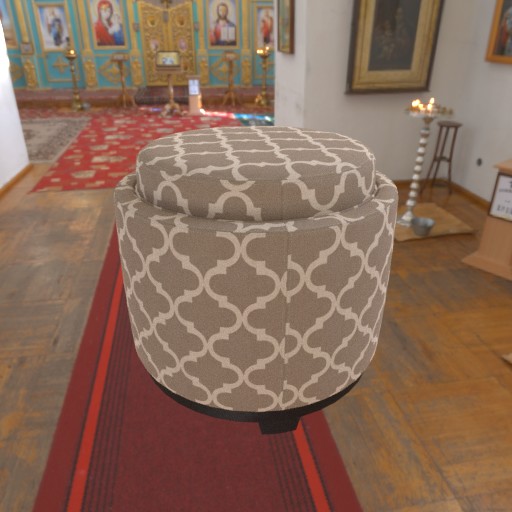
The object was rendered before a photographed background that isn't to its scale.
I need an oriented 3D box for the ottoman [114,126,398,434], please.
[{"bbox_3d":[0.000,0.000,0.826,0.480,0.429,0.480,0,26,0],"label":"ottoman"}]
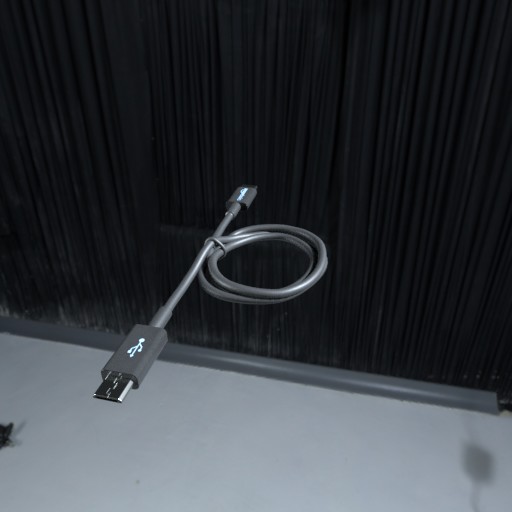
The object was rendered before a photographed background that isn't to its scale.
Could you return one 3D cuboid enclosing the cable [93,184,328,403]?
[{"bbox_3d":[0.000,0.000,0.219,0.070,0.014,0.192,7,31,11],"label":"cable"}]
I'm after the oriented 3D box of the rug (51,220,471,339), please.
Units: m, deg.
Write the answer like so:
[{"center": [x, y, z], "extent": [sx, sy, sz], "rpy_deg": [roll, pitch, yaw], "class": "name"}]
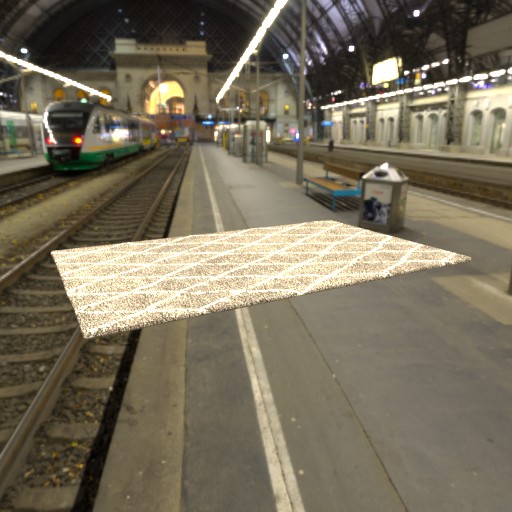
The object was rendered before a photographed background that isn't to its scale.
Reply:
[{"center": [0.000, 0.000, 3.013], "extent": [2.438, 0.030, 1.524], "rpy_deg": [-8, 17, -28], "class": "rug"}]
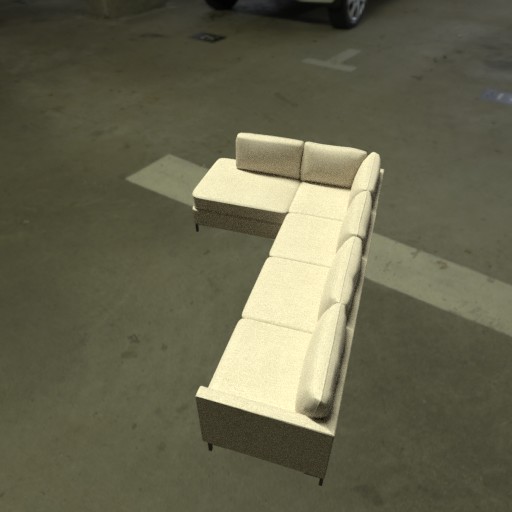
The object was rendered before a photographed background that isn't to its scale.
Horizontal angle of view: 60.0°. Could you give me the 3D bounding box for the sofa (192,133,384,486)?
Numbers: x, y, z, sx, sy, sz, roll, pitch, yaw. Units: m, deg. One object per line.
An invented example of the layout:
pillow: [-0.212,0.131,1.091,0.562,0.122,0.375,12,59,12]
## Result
sofa: [0.000,0.000,4.251,2.048,0.996,3.384,12,42,13]
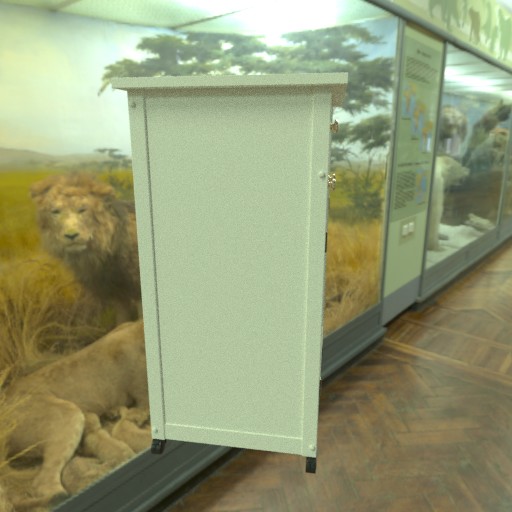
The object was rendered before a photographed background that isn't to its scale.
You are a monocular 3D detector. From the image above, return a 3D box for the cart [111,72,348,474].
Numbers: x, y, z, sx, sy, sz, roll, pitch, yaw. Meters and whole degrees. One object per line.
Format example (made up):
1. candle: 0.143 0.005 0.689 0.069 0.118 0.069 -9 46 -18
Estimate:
1. cart: 0.000 0.000 1.244 0.442 0.864 0.683 3 15 9
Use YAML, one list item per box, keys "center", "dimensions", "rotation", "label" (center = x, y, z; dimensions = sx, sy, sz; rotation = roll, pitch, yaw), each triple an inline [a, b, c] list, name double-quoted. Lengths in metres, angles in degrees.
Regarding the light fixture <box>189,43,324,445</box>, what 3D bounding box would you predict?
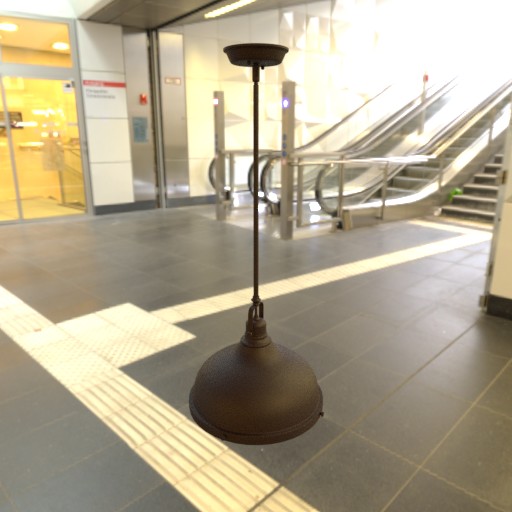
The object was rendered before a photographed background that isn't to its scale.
- center: [0.000, 0.000, 0.991]
  dimensions: [0.341, 0.849, 0.341]
  rotation: [7, 17, 24]
  label: "light fixture"

WORK TO BE COMPLETED: Restate the data word for word without pictures.

RESPONSE FOR THIS EXERCISE:
The object was rendered before a photographed background that isn't to its scale.
I need an oriented 3D box for the ottoman [114,126,398,434], please.
[{"bbox_3d":[0.000,0.000,0.826,0.480,0.429,0.480,0,26,0],"label":"ottoman"}]
The object was rendered before a photographed background that isn't to its scale.
Could you return one 3D cuboid enclosing the cable [93,184,328,403]?
[{"bbox_3d":[0.000,0.000,0.219,0.070,0.014,0.192,7,31,11],"label":"cable"}]
I'm after the oriented 3D box of the rug (51,220,471,339), please.
Units: m, deg.
Write the answer like so:
[{"center": [x, y, z], "extent": [sx, sy, sz], "rpy_deg": [roll, pitch, yaw], "class": "name"}]
The object was rendered before a photographed background that isn't to its scale.
Reply:
[{"center": [0.000, 0.000, 3.013], "extent": [2.438, 0.030, 1.524], "rpy_deg": [-8, 17, -28], "class": "rug"}]
The object was rendered before a photographed background that isn't to its scale.
Horizontal angle of view: 60.0°. Could you give me the 3D bounding box for the sofa (192,133,384,486)?
Numbers: x, y, z, sx, sy, sz, roll, pitch, yaw. Units: m, deg. One object per line.
An invented example of the layout:
pillow: [-0.212,0.131,1.091,0.562,0.122,0.375,12,59,12]
## Result
sofa: [0.000,0.000,4.251,2.048,0.996,3.384,12,42,13]
The object was rendered before a photographed background that isn't to its scale.
You are a monocular 3D detector. From the image above, return a 3D box for the cart [111,72,348,474].
Numbers: x, y, z, sx, sy, sz, roll, pitch, yaw. Meters and whole degrees. One object per line.
Format example (made up):
1. candle: 0.143 0.005 0.689 0.069 0.118 0.069 -9 46 -18
Estimate:
1. cart: 0.000 0.000 1.244 0.442 0.864 0.683 3 15 9
Use YAML, one list item per box, keys "center", "dimensions", "rotation", "label" (center = x, y, z; dimensions = sx, sy, sz; rotation = roll, pitch, yaw), each triple an inline [a, b, c] list, name double-quoted. Lengths in metres, angles in degrees.
Regarding the light fixture <box>189,43,324,445</box>, what 3D bounding box would you predict?
The object was rendered before a photographed background that isn't to its scale.
- center: [0.000, 0.000, 0.991]
  dimensions: [0.341, 0.849, 0.341]
  rotation: [7, 17, 24]
  label: "light fixture"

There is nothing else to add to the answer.